** Data records **
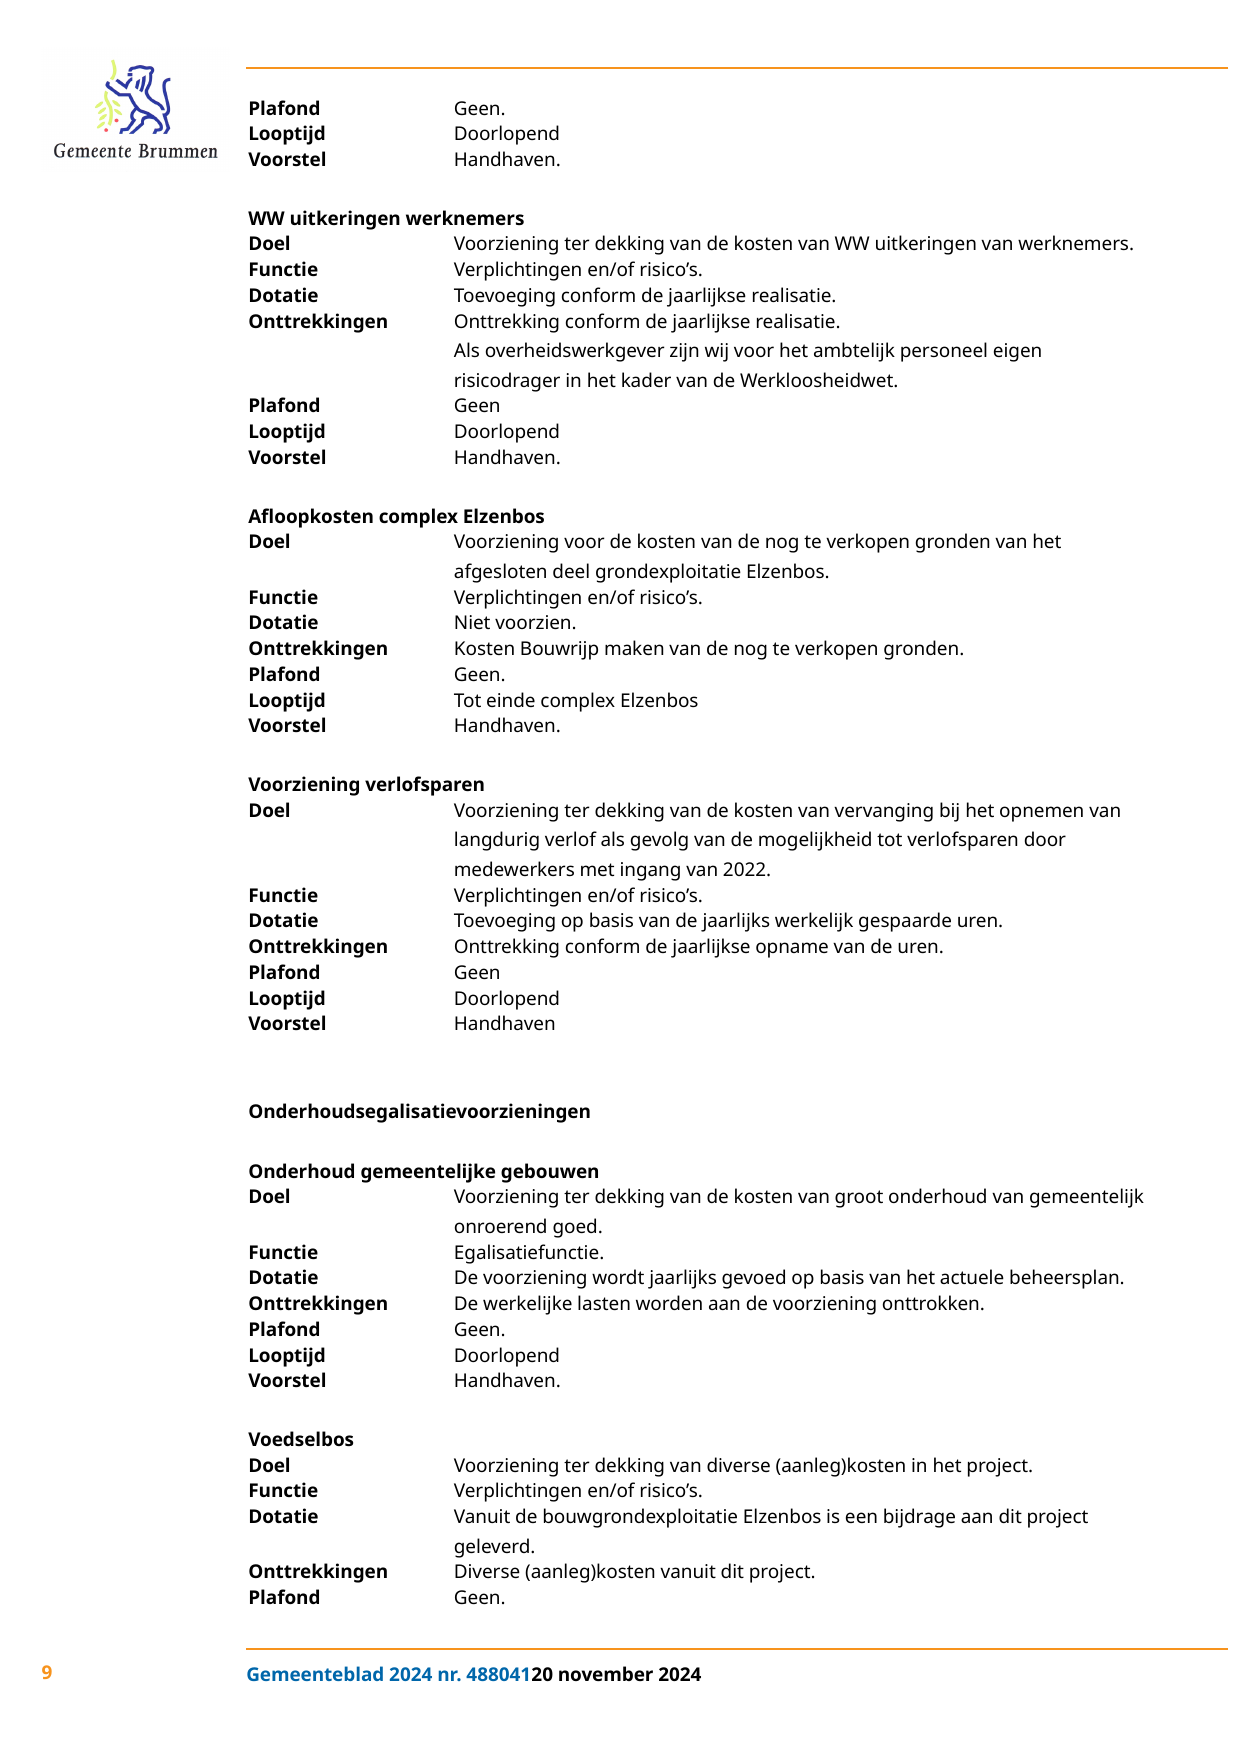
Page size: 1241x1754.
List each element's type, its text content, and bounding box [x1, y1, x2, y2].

table_cell De voorziening wordt jaarlijks gevoed op basis van het actuele beheersplan. [454, 1265, 1152, 1290]
table_cell Doel [248, 231, 454, 256]
table_cell Doorlopend [454, 985, 1152, 1010]
table_cell Toevoeging conform de jaarlijkse realisatie. [454, 282, 1152, 308]
table_cell Doel [248, 1184, 454, 1239]
table_cell Looptijd [248, 1342, 454, 1367]
table_cell Onttrekking conform de jaarlijkse realisatie. Als overheidswerkgever zijn wij voor het ambtelijk personeel eigen risicodrager in het kader van de Werkloosheidwet. [454, 308, 1152, 393]
table_cell Looptijd [248, 419, 454, 444]
table_cell Dotatie [248, 282, 454, 308]
table_cell Voorstel [248, 1368, 454, 1393]
table_cell Doel [248, 529, 454, 584]
table_cell De werkelijke lasten worden aan de voorziening onttrokken. [454, 1290, 1152, 1316]
table_cell Voorstel [248, 1010, 454, 1036]
table_cell Diverse (aanleg)kosten vanuit dit project. [454, 1559, 1152, 1584]
table_cell Geen [454, 959, 1152, 985]
table_cell Dotatie [248, 1265, 454, 1290]
table_header Afloopkosten complex Elzenbos [248, 503, 1152, 528]
table_cell Geen. [454, 1316, 1152, 1342]
table_cell Verplichtingen en/of risico’s. [454, 584, 1152, 609]
table_cell Dotatie [248, 908, 454, 933]
table_cell Doorlopend [454, 1342, 1152, 1367]
table_header Onderhoud gemeentelijke gebouwen [248, 1158, 1152, 1183]
table_cell Geen. [454, 95, 1152, 121]
table_cell Egalisatiefunctie. [454, 1239, 1152, 1264]
table_cell Dotatie [248, 610, 454, 635]
table_cell Looptijd [248, 121, 454, 146]
table_cell Handhaven [454, 1010, 1152, 1036]
table_cell Functie [248, 1239, 454, 1264]
table_cell Plafond [248, 1316, 454, 1342]
table_header WW uitkeringen werknemers [248, 205, 1152, 231]
table_cell Handhaven. [454, 1368, 1152, 1393]
table_cell Geen. [454, 1584, 1152, 1610]
table_cell Onttrekkingen [248, 1559, 454, 1584]
table_cell Voorziening ter dekking van diverse (aanleg)kosten in het project. [454, 1452, 1152, 1478]
table_cell Plafond [248, 393, 454, 418]
table_cell Onttrekkingen [248, 1290, 454, 1316]
table_cell Verplichtingen en/of risico’s. [454, 882, 1152, 907]
table_cell Functie [248, 882, 454, 907]
table_cell Looptijd [248, 985, 454, 1010]
table_cell Handhaven. [454, 444, 1152, 470]
table_cell Plafond [248, 95, 454, 121]
table_cell Kosten Bouwrijp maken van de nog te verkopen gronden. [454, 635, 1152, 661]
table_cell Geen [454, 393, 1152, 418]
table_cell Voorstel [248, 713, 454, 738]
table_cell Onttrekkingen [248, 635, 454, 661]
table_cell Onttrekkingen [248, 308, 454, 393]
table_cell Tot einde complex Elzenbos [454, 687, 1152, 712]
table_cell Voorstel [248, 444, 454, 470]
table_cell Voorziening ter dekking van de kosten van WW uitkeringen van werknemers. [454, 231, 1152, 256]
text Onderhoudsegalisatievoorzieningen [248, 1098, 1152, 1124]
table_header Voedselbos [248, 1426, 1152, 1452]
table_cell Toevoeging op basis van de jaarlijks werkelijk gespaarde uren. [454, 908, 1152, 933]
table_cell Handhaven. [454, 713, 1152, 738]
table_header Voorziening verlofsparen [248, 771, 1152, 797]
picture [41, 47, 231, 172]
table_cell Doel [248, 1452, 454, 1478]
table_cell Onttrekking conform de jaarlijkse opname van de uren. [454, 933, 1152, 959]
table_cell Plafond [248, 661, 454, 687]
table_cell Plafond [248, 1584, 454, 1610]
table_cell Functie [248, 1478, 454, 1503]
table_cell Geen. [454, 661, 1152, 687]
table_cell Verplichtingen en/of risico’s. [454, 1478, 1152, 1503]
table_cell Doel [248, 797, 454, 882]
table_cell Niet voorzien. [454, 610, 1152, 635]
table_cell Functie [248, 584, 454, 609]
table_cell Onttrekkingen [248, 933, 454, 959]
table_cell Voorziening ter dekking van de kosten van vervanging bij het opnemen van langdurig verlof als gevolg van de mogelijkheid tot verlofsparen door medewerkers met ingang van 2022. [454, 797, 1152, 882]
table_cell Plafond [248, 959, 454, 985]
table_cell Voorziening ter dekking van de kosten van groot onderhoud van gemeentelijk onroerend goed. [454, 1184, 1152, 1239]
table_cell Doorlopend [454, 419, 1152, 444]
table_cell Dotatie [248, 1503, 454, 1559]
table_cell Looptijd [248, 687, 454, 712]
table_cell Handhaven. [454, 146, 1152, 172]
table_cell Doorlopend [454, 121, 1152, 146]
table_cell Voorstel [248, 146, 454, 172]
table_cell Functie [248, 256, 454, 282]
table_cell Verplichtingen en/of risico’s. [454, 256, 1152, 282]
table_cell Vanuit de bouwgrondexploitatie Elzenbos is een bijdrage aan dit project geleverd. [454, 1503, 1152, 1559]
table_cell Voorziening voor de kosten van de nog te verkopen gronden van het afgesloten deel grondexploitatie Elzenbos. [454, 529, 1152, 584]

** Task objective **
Copy the lines from the entries above in which the word "Verplichtingen" appears.

** Solution for this problem **
table_cell Verplichtingen en/of risico’s. [454, 584, 1152, 609]
table_cell Verplichtingen en/of risico’s. [454, 882, 1152, 907]
table_cell Verplichtingen en/of risico’s. [454, 1478, 1152, 1503]
table_cell Verplichtingen en/of risico’s. [454, 256, 1152, 282]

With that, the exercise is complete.